Funny to complain about content marketing that happens outside of HN, when content marketing is so popular here.

E.g. in this recent 800+ point submission[1] a company presents their product as the ultimate alternative to PaaS, their use case seems shallow and presents their product in positive light only.

[1]: https://www.hackerneue.com/item?id=45661253

I think it's not at all self-contradicting.

HN is a niche forum that is all about making things that scale. Most human interactions shouldn't scale, there's no space for them to be absorbed except by other humans.
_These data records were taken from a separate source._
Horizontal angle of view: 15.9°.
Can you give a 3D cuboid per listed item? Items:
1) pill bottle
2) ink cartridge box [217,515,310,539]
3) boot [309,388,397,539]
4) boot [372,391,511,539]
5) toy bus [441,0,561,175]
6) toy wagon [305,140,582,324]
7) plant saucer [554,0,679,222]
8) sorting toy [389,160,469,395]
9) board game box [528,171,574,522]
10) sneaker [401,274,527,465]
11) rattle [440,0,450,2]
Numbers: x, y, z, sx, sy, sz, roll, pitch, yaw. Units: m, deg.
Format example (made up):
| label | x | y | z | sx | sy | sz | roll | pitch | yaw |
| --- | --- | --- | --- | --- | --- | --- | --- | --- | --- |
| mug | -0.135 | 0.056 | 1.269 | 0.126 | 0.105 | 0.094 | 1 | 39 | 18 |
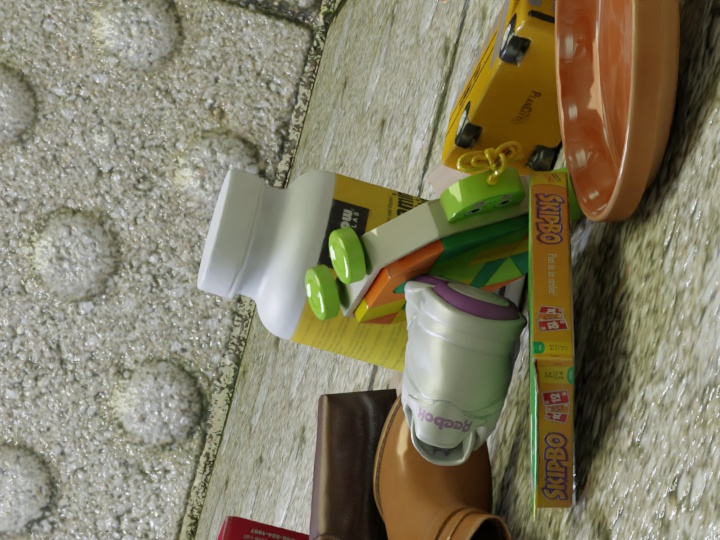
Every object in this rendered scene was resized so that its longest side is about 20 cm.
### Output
| label | x | y | z | sx | sy | sz | roll | pitch | yaw |
| --- | --- | --- | --- | --- | --- | --- | --- | --- | --- |
| pill bottle | 0.000 | 0.000 | 1.664 | 0.112 | 0.199 | 0.113 | -165 | 90 | -83 |
| ink cartridge box | -0.039 | 0.270 | 1.588 | 0.084 | 0.144 | 0.201 | 114 | 170 | -54 |
| boot | -0.025 | 0.145 | 1.520 | 0.186 | 0.064 | 0.201 | 49 | -136 | -53 |
| boot | 0.054 | 0.147 | 1.455 | 0.155 | 0.073 | 0.202 | 126 | 147 | -74 |
| toy bus | 0.109 | -0.124 | 1.643 | 0.200 | 0.065 | 0.079 | 117 | 169 | -60 |
| toy wagon | 0.055 | -0.020 | 1.513 | 0.200 | 0.154 | 0.040 | 124 | 127 | -68 |
| plant saucer | 0.138 | -0.127 | 1.375 | 0.200 | 0.032 | 0.202 | 178 | 90 | -84 |
| sorting toy | 0.063 | 0.015 | 1.841 | 0.185 | 0.036 | 0.202 | 140 | 141 | -78 |
| board game box | 0.102 | 0.039 | 1.381 | 0.200 | 0.030 | 0.096 | -80 | -10 | -56 |
| sneaker | 0.049 | 0.056 | 1.454 | 0.200 | 0.074 | 0.100 | -8 | -66 | -85 |
| rattle | 0.132 | -0.204 | 1.487 | 0.130 | 0.143 | 0.201 | -17 | -39 | -56 |
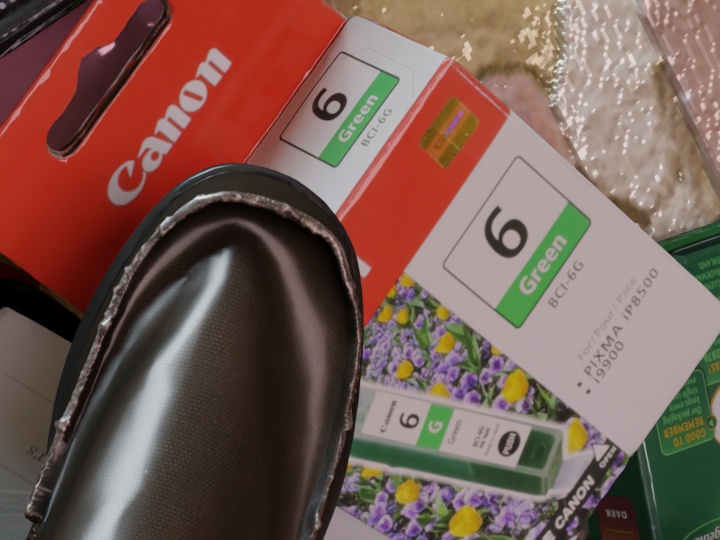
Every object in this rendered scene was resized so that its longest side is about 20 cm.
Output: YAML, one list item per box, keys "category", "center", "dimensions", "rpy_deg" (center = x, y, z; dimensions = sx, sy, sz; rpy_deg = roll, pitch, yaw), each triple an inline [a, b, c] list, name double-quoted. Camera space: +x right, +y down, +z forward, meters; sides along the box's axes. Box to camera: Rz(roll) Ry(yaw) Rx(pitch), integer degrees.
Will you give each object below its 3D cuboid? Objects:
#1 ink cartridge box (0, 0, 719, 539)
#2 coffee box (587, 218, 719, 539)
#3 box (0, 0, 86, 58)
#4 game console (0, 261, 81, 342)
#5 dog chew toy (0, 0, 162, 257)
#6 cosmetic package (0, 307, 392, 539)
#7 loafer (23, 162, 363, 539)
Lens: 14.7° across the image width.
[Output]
- category: "ink cartridge box"
  center: [0.000, 0.000, 0.722]
  dimensions: [0.200, 0.050, 0.109]
  rpy_deg: [39, 84, -39]
- category: "coffee box"
  center: [0.137, 0.084, 0.996]
  dimensions: [0.123, 0.044, 0.201]
  rpy_deg: [-18, 100, -33]
- category: "box"
  center: [-0.115, -0.157, 0.700]
  dimensions: [0.193, 0.047, 0.200]
  rpy_deg: [-38, 94, -39]
- category: "game console"
  center: [-0.108, 0.115, 0.834]
  dimensions: [0.177, 0.031, 0.200]
  rpy_deg: [41, 68, -34]
- category: "dog chew toy"
  center: [-0.096, -0.107, 0.789]
  dimensions: [0.124, 0.124, 0.200]
  rpy_deg: [-22, 95, -34]
- category: "cosmetic package"
  center: [-0.063, 0.153, 0.719]
  dimensions: [0.199, 0.123, 0.200]
  rpy_deg: [31, 73, 0]
- category: "loafer"
  center: [-0.043, 0.070, 0.635]
  dimensions: [0.073, 0.071, 0.200]
  rpy_deg: [17, 79, -7]
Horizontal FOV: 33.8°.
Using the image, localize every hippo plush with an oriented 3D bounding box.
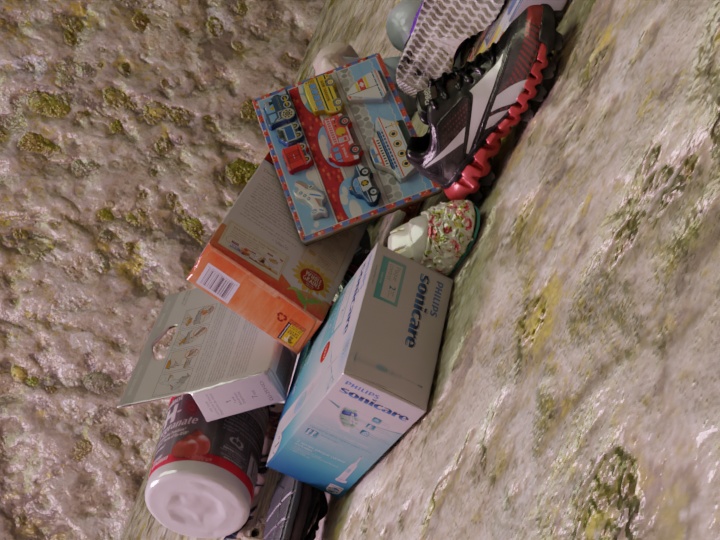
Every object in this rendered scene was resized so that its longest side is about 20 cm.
[{"bbox_3d":[0.059,-0.212,1.351,0.160,0.200,0.160,-37,37,12],"label":"hippo plush"}]

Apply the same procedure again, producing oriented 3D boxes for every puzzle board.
[{"bbox_3d":[-0.019,-0.132,1.227,0.017,0.149,0.202,70,179,-57],"label":"puzzle board"}]

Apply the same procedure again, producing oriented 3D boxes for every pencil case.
[{"bbox_3d":[-0.100,0.237,1.299,0.090,0.077,0.202,123,165,-45],"label":"pencil case"}]

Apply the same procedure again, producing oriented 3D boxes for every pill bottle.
[{"bbox_3d":[-0.155,0.171,1.259,0.202,0.109,0.111,-82,19,-47],"label":"pill bottle"}]

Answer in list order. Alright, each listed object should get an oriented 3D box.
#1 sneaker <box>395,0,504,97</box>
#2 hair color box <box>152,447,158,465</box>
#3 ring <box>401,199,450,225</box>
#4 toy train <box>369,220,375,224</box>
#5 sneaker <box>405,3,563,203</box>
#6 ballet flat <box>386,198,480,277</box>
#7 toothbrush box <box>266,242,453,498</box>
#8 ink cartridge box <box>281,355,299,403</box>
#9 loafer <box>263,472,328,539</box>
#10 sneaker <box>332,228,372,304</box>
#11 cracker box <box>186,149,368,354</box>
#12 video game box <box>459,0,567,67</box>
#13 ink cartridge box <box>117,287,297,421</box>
[{"bbox_3d":[0.093,-0.268,1.188,0.200,0.069,0.101,-52,17,54],"label":"sneaker"},{"bbox_3d":[-0.160,0.154,1.415,0.064,0.109,0.203,149,142,-72],"label":"hair color box"},{"bbox_3d":[0.074,-0.079,1.260,0.200,0.019,0.203,-157,89,-80],"label":"ring"},{"bbox_3d":[-0.021,-0.113,1.534,0.200,0.113,0.086,146,146,-70],"label":"toy train"},{"bbox_3d":[0.105,-0.157,1.067,0.202,0.097,0.071,-60,11,28],"label":"sneaker"},{"bbox_3d":[0.047,-0.010,1.131,0.200,0.063,0.077,130,144,-58],"label":"ballet flat"},{"bbox_3d":[-0.002,0.097,1.100,0.200,0.084,0.148,-51,18,50],"label":"toothbrush box"},{"bbox_3d":[-0.079,0.161,1.435,0.110,0.050,0.202,-85,20,-57],"label":"ink cartridge box"},{"bbox_3d":[-0.050,0.216,1.177,0.072,0.062,0.202,-51,23,46],"label":"loafer"},{"bbox_3d":[0.000,0.000,1.345,0.074,0.081,0.201,-32,23,16],"label":"sneaker"},{"bbox_3d":[-0.078,-0.024,1.207,0.058,0.133,0.201,-51,8,36],"label":"cracker box"},{"bbox_3d":[0.161,-0.274,1.169,0.183,0.046,0.202,-82,18,-60],"label":"video game box"},{"bbox_3d":[-0.146,0.077,1.250,0.174,0.045,0.201,-16,30,19],"label":"ink cartridge box"}]
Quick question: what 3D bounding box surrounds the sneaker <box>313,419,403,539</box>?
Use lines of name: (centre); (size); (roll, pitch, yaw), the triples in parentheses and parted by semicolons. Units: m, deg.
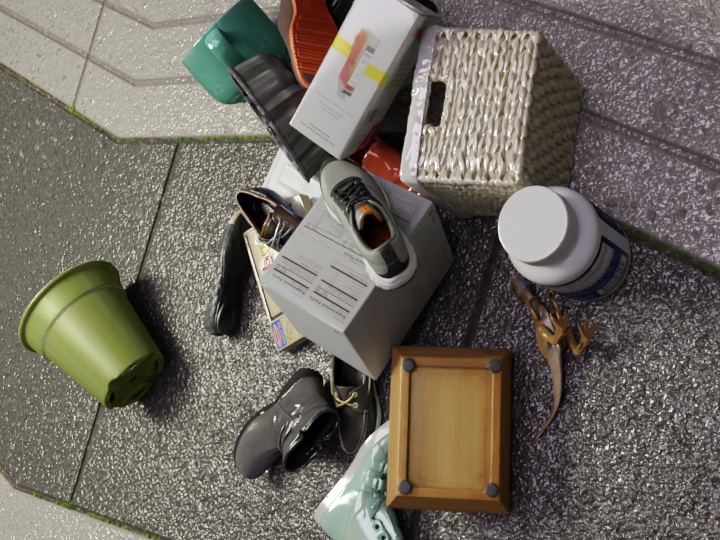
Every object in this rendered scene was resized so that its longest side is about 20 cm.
sneaker: (0.037, 0.294, 1.141); (0.118, 0.073, 0.202); (39, 100, 25)

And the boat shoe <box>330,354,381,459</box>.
boat shoe: (-0.012, 0.162, 1.203); (0.070, 0.060, 0.206); (-5, 78, 33)

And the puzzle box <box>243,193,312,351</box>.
puzzle box: (-0.102, 0.004, 1.302); (0.132, 0.025, 0.204); (-31, 69, 31)

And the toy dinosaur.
toy dinosaur: (0.240, 0.095, 1.061); (0.106, 0.059, 0.204); (135, 127, -62)

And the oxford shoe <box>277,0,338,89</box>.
oxford shoe: (-0.076, -0.324, 1.171); (0.072, 0.070, 0.204); (-40, 48, 54)

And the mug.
mug: (-0.198, -0.331, 1.358); (0.115, 0.186, 0.151); (46, 132, -12)

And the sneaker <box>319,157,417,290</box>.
sneaker: (0.005, -0.073, 1.029); (0.073, 0.080, 0.202); (-31, 55, -2)

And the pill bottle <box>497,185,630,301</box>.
pill bottle: (0.234, -0.033, 0.992); (0.109, 0.199, 0.114); (-7, 76, 31)

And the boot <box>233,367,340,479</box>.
boot: (-0.111, 0.243, 1.214); (0.202, 0.069, 0.132); (-56, 24, 14)

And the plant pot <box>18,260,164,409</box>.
plant pot: (-0.430, 0.123, 1.434); (0.190, 0.199, 0.201); (42, 104, 18)

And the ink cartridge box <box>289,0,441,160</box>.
ink cartridge box: (0.008, -0.256, 1.090); (0.083, 0.145, 0.202); (34, 109, 5)

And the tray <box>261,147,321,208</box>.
tray: (-0.079, -0.126, 1.329); (0.198, 0.022, 0.109); (31, 97, 34)

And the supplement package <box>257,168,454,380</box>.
supplement package: (0.000, 0.000, 1.128); (0.149, 0.152, 0.202); (27, 73, 29)

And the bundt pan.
bundt pan: (-0.108, -0.233, 1.255); (0.075, 0.202, 0.203); (-37, 60, -2)

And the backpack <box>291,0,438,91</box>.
backpack: (0.003, -0.328, 1.234); (0.175, 0.152, 0.202); (40, 102, 29)

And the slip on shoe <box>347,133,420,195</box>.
slip on shoe: (0.031, -0.154, 1.238); (0.200, 0.061, 0.075); (44, 103, 30)

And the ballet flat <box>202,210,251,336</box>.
ballet flat: (-0.216, 0.003, 1.368); (0.056, 0.066, 0.205); (10, 86, 40)

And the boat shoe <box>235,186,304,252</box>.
boat shoe: (-0.115, -0.055, 1.255); (0.199, 0.072, 0.073); (37, 108, 32)

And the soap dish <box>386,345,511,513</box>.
soap dish: (0.111, 0.196, 1.071); (0.153, 0.081, 0.205); (1, 79, 7)

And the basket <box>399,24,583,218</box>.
basket: (0.167, -0.178, 1.069); (0.158, 0.199, 0.203); (6, 83, 32)
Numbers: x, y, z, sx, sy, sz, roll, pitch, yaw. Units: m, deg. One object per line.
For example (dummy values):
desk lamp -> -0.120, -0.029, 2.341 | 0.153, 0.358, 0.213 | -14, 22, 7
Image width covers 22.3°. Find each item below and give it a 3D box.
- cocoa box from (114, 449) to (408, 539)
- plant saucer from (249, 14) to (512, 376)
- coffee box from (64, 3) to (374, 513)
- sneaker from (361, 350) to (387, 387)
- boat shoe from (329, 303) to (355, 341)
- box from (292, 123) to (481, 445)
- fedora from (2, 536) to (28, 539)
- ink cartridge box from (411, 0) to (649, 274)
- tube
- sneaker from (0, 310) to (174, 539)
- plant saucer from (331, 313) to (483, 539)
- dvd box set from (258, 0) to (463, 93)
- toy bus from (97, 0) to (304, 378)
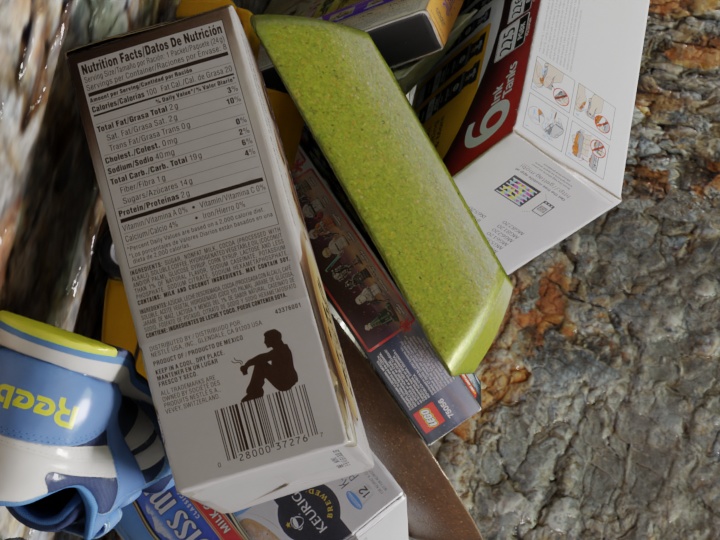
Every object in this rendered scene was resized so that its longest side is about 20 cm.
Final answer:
cocoa box -> -0.061, 0.143, 1.037 | 0.131, 0.133, 0.200 | -37, 162, -11
plant saucer -> 0.024, -0.043, 0.959 | 0.200, 0.048, 0.200 | 60, 4, 5
coffee box -> -0.061, -0.002, 0.816 | 0.113, 0.080, 0.201 | 67, 7, -76
sneaker -> -0.003, 0.115, 1.281 | 0.200, 0.066, 0.091 | -37, -153, 58
boat shoe -> -0.033, 0.032, 1.289 | 0.067, 0.074, 0.200 | -56, -166, -4
box -> 0.000, 0.000, 1.052 | 0.040, 0.200, 0.137 | -34, -179, 5
fedora -> -0.147, 0.217, 0.813 | 0.201, 0.091, 0.201 | 13, 90, -83
ink cartridge box -> 0.085, -0.098, 1.121 | 0.175, 0.084, 0.201 | -37, -149, 46
tube -> -0.004, -0.110, 1.144 | 0.200, 0.052, 0.058 | -24, -122, 56
sneaker -> -0.129, 0.080, 0.824 | 0.200, 0.074, 0.083 | 59, 46, -70
plant saucer -> 0.002, 0.091, 1.094 | 0.037, 0.201, 0.200 | -35, 165, -6
dvd box set -> 0.002, -0.169, 1.143 | 0.029, 0.146, 0.200 | 62, 25, -24
toy bus -> -0.082, -0.036, 0.941 | 0.065, 0.078, 0.201 | 64, 39, -79
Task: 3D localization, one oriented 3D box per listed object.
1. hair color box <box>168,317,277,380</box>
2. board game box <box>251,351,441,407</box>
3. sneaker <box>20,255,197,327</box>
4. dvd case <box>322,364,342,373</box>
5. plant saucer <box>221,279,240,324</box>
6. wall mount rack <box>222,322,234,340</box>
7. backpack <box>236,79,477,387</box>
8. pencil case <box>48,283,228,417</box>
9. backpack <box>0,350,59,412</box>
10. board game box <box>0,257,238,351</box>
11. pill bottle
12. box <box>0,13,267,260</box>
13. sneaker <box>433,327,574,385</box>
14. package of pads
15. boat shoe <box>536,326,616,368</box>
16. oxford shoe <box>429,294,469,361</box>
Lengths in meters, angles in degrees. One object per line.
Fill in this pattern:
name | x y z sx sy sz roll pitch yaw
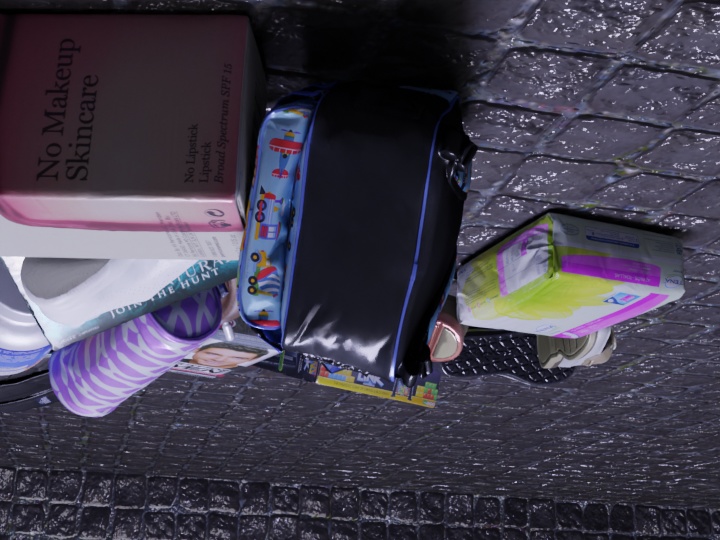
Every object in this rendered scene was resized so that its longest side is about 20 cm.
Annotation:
hair color box | -0.180 0.082 1.385 0.098 0.062 0.199 12 159 -29
board game box | -0.023 0.118 1.424 0.198 0.058 0.164 17 173 -40
sneaker | -0.142 -0.021 0.823 0.197 0.076 0.089 -26 152 -5
dvd case | -0.054 0.002 0.986 0.200 0.018 0.142 49 149 -10
plant saucer | -0.177 -0.011 0.995 0.196 0.032 0.202 10 140 9
wall mount rack | -0.215 0.017 1.152 0.196 0.076 0.174 -4 160 19
backpack | 0.007 -0.043 0.769 0.132 0.186 0.200 12 -162 7
pencil case | -0.202 0.059 0.996 0.199 0.086 0.083 -36 172 40
backpack | -0.390 0.074 1.206 0.197 0.156 0.176 -18 165 -7
board game box | -0.167 -0.028 0.862 0.197 0.028 0.137 -23 133 -6
pill bottle | -0.299 0.020 0.987 0.110 0.114 0.199 9 162 -23
box | -0.164 -0.085 0.738 0.196 0.130 0.109 1 162 2
sneaker | 0.172 0.097 1.427 0.196 0.073 0.083 7 -174 -12
package of pads | 0.195 0.012 1.111 0.152 0.070 0.200 8 161 -20
boat shoe | 0.256 0.070 1.297 0.067 0.076 0.200 -3 170 -6
oxford shoe | 0.023 0.040 1.219 0.197 0.074 0.072 18 128 13
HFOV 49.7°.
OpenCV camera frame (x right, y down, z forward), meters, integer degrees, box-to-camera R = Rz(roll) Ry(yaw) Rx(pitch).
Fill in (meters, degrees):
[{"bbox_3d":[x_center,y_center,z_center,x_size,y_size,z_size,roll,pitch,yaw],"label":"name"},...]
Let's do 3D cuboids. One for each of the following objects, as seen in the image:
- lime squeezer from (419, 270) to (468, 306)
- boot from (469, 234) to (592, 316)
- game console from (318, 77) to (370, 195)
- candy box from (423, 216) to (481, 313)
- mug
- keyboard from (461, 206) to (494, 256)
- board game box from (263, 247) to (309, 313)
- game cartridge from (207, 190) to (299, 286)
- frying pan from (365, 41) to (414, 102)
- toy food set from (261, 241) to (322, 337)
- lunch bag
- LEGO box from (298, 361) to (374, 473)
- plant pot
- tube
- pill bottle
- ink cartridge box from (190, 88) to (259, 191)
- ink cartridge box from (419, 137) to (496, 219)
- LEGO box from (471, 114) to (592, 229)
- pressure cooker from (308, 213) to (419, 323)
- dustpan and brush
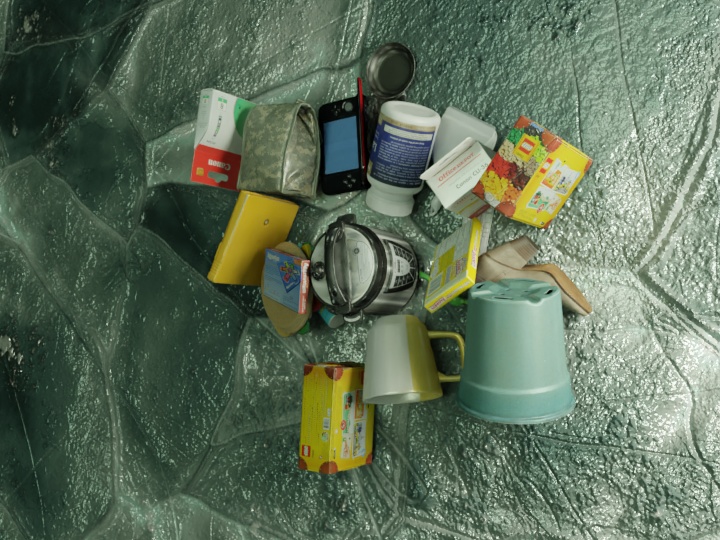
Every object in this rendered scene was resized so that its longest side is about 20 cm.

Only the very top should scale down, and that can be done in more ways, some more ethical than others.

I think it’s a generational thing. Younger people don’t really use Facebook very much and are much more active on TikTok and instagram, both of which I would describe as semi-hostile to AI, or at least the kind of lazy slop AI you’re talking about.
Those comments are probably AI as well
I'm actually writing fairly literally lol! If you want me to write more in-depth comments, I sure can! I'm not stupid enough to go generate them like you might be, I suppose. In fact, I think the whole thing is ridiculous, so I try to avoid it entirely!!
The internet will be more and more ai stuff.

At the end of the day, people don't care if it's real or not as long as it's either entertaining or tells them what they want to hear.